Joined February 2019 Message
  • Day27

    Day 26 Camino part II

    June 26, 2019 in Spain ⋅ ⛅ 16 °C

    A double bed!! Whoop 🙌.
    Clean and rested we get ready to see the city. Tracey said she was de pilgriming, being able to wear normal clothes again and makeup.
    Not having I walk around with the rucksack makes a big difference too. I get my obligatory (been there,seen that, got the...) tee shirt.
    The sun comes out for the afternoon, temperature rises and we have a nice time wondering seeing all the sights, hearing all the sounds of this busy city.

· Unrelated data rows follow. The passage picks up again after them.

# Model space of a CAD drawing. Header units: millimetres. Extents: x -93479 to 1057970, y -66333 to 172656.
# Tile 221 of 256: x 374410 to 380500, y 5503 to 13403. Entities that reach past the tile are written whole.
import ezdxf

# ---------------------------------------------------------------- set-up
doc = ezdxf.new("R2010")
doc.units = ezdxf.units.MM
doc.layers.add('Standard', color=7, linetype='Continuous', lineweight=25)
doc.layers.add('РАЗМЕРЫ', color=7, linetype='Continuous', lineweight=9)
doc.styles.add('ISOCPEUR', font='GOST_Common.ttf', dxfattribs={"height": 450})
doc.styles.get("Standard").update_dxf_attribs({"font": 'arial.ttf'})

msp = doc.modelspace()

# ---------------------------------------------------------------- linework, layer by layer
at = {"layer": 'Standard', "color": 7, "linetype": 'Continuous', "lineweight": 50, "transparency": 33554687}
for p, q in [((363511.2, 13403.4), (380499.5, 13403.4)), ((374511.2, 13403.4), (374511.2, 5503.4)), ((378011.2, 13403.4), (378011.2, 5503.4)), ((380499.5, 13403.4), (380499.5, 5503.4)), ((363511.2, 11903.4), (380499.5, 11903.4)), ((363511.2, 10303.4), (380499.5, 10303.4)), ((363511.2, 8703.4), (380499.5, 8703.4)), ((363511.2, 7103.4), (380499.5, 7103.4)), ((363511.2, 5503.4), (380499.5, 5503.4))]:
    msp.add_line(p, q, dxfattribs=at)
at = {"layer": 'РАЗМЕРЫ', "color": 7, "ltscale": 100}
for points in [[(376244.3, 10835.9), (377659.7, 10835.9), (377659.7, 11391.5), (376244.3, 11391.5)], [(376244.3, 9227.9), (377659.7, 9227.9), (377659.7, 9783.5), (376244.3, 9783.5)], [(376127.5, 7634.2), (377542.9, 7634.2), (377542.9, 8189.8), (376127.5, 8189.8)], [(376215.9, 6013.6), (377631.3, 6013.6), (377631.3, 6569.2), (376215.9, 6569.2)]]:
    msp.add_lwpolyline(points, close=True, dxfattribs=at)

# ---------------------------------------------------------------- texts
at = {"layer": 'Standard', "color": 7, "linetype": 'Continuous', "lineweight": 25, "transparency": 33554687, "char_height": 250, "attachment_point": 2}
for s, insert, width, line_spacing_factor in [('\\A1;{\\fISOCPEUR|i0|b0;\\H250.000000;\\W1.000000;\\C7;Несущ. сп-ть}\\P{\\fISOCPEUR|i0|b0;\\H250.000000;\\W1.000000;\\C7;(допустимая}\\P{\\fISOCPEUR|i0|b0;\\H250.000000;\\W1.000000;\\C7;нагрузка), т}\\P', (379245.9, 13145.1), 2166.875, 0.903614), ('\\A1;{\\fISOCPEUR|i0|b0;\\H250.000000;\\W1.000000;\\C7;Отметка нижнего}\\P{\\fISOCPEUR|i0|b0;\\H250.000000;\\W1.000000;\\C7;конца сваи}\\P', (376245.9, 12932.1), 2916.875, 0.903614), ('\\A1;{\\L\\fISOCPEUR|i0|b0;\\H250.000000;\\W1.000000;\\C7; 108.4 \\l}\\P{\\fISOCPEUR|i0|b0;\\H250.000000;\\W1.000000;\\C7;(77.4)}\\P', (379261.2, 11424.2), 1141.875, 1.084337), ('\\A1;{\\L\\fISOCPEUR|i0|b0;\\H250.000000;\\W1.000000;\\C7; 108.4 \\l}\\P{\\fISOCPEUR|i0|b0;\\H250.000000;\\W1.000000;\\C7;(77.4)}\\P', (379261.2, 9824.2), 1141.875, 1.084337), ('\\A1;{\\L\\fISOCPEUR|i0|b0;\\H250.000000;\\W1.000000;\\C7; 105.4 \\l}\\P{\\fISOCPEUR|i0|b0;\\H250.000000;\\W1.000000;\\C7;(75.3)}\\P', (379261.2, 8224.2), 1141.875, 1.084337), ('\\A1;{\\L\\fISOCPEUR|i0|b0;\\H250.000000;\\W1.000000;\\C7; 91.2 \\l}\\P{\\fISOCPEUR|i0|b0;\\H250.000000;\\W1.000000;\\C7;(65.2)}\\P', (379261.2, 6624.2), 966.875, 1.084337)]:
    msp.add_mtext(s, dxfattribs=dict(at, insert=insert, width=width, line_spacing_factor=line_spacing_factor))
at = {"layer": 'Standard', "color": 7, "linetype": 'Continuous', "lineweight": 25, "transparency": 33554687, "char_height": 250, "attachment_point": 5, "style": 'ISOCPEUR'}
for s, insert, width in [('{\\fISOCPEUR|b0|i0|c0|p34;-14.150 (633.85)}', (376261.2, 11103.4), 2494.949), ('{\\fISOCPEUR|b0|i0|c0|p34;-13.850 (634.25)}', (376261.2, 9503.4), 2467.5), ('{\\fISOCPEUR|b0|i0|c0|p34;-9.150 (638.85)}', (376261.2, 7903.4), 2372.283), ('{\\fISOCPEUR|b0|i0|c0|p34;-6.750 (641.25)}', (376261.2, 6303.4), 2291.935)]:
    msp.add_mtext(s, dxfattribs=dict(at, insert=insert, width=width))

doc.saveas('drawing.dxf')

    The cathedral is undergoing renovations and there’s no pilgrim mass inside. We go in to view what we can, and to light a candle for Jasmine.

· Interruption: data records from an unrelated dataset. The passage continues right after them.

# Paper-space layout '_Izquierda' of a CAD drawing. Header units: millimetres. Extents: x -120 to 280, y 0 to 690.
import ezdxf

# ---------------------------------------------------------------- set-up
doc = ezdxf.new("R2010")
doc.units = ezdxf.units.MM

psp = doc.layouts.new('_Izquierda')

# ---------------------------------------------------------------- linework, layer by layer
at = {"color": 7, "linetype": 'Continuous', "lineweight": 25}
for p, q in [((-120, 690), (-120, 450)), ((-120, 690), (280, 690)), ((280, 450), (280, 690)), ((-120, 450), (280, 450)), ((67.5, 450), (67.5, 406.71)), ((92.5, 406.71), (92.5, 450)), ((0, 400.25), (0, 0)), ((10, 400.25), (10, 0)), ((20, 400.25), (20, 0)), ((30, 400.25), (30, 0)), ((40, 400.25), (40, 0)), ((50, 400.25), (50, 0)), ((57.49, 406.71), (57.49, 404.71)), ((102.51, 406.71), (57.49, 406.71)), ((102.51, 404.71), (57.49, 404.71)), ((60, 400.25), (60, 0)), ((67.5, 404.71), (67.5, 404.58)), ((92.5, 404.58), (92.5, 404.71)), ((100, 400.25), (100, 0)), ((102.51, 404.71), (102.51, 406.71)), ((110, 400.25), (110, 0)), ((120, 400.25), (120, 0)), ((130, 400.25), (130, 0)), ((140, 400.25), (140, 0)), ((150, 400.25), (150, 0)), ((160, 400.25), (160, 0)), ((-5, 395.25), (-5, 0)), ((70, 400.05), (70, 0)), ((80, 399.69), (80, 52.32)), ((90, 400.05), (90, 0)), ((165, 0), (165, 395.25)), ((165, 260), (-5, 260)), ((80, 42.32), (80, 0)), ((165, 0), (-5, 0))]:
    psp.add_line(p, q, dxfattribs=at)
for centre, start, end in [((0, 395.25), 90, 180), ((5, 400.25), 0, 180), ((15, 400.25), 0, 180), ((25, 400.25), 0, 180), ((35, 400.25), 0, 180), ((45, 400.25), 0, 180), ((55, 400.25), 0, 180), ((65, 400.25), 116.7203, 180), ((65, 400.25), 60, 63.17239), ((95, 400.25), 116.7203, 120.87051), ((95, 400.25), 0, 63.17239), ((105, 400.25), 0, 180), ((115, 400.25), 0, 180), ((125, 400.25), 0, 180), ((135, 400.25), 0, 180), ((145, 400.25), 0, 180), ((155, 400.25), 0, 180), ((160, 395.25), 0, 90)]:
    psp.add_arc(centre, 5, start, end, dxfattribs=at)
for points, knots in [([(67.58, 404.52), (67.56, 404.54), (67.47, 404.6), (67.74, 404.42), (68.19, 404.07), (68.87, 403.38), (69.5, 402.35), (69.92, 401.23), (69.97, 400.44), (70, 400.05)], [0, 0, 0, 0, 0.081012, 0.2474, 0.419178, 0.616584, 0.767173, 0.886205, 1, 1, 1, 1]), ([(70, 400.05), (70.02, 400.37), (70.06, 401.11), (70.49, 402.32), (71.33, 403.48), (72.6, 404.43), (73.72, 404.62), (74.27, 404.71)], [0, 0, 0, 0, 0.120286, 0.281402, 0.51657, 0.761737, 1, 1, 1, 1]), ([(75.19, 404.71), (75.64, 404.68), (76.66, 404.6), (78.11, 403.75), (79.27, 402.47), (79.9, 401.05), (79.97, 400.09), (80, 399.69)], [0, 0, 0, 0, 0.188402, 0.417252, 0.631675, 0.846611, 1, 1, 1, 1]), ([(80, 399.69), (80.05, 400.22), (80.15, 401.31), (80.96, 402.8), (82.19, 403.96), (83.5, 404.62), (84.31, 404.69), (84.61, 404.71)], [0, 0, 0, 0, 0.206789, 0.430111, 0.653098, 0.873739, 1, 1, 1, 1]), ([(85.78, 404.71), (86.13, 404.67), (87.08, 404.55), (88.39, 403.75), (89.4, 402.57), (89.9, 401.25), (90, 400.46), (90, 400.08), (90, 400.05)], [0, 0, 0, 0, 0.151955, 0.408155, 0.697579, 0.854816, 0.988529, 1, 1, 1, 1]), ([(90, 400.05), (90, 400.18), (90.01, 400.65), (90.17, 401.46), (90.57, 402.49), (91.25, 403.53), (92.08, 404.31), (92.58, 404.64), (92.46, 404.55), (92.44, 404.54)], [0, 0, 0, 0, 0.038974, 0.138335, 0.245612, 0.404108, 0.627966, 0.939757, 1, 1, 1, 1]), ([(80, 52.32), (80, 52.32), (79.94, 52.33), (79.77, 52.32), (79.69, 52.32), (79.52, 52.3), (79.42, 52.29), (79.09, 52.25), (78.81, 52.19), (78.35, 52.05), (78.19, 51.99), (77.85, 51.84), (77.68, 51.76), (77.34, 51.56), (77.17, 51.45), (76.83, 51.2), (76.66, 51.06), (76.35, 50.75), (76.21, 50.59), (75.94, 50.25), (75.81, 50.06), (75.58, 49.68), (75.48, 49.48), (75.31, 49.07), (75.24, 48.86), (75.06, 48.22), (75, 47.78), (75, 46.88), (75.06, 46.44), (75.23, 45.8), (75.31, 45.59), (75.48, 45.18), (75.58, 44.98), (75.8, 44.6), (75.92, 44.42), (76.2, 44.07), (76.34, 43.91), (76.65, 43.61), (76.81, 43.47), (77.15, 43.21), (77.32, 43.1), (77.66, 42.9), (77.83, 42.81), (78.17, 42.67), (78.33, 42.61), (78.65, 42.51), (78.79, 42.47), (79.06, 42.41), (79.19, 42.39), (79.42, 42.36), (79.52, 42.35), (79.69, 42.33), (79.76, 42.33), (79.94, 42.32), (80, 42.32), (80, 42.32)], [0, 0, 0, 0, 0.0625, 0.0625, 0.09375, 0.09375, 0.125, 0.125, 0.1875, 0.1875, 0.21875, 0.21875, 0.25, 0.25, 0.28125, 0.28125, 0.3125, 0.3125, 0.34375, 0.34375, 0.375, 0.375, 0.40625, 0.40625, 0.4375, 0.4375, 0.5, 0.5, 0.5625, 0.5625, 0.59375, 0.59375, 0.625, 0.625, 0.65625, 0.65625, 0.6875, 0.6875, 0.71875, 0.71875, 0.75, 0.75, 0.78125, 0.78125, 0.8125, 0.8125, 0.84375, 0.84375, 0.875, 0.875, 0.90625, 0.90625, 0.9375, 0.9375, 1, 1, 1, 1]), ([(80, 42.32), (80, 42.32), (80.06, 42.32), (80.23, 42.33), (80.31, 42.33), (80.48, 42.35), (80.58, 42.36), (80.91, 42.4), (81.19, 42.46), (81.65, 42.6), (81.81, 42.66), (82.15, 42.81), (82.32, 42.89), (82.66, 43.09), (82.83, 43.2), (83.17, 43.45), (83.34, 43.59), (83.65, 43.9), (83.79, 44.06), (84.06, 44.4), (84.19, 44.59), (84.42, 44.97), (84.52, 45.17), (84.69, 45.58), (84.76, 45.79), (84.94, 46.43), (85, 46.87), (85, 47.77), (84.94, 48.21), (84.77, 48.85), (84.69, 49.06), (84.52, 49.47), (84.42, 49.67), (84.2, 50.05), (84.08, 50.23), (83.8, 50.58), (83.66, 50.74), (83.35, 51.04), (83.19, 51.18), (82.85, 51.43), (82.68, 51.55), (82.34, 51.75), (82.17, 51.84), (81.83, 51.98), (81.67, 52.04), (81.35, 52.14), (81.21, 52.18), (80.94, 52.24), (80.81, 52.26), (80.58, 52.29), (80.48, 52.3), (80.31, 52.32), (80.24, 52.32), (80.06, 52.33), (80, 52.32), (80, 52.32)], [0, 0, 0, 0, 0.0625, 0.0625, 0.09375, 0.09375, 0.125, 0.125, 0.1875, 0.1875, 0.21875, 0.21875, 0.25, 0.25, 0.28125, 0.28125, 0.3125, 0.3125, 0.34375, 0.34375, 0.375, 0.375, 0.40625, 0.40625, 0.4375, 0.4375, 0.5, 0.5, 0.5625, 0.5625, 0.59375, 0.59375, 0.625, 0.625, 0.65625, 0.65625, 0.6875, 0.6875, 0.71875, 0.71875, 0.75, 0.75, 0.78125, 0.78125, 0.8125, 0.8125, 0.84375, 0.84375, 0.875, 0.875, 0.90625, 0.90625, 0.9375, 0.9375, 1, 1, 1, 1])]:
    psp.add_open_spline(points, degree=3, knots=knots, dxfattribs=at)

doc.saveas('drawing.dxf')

    It’s evening now, and the city is livening up, people out to socialise and dine. We head for the Paradore hotel, slipping past a sign keeping tour groups out we head to the bar and enjoy a glass of cold crisp cava. (In the same table and chairs from four years ago). But for that extra treat, we head for that extra treat - dinner down in the vaulted restaurant. The tasting menu, with accompanying wine; and they even made a vegetarian version for Tracey. Wow, what a treat it was. The food was divine, and the wines too.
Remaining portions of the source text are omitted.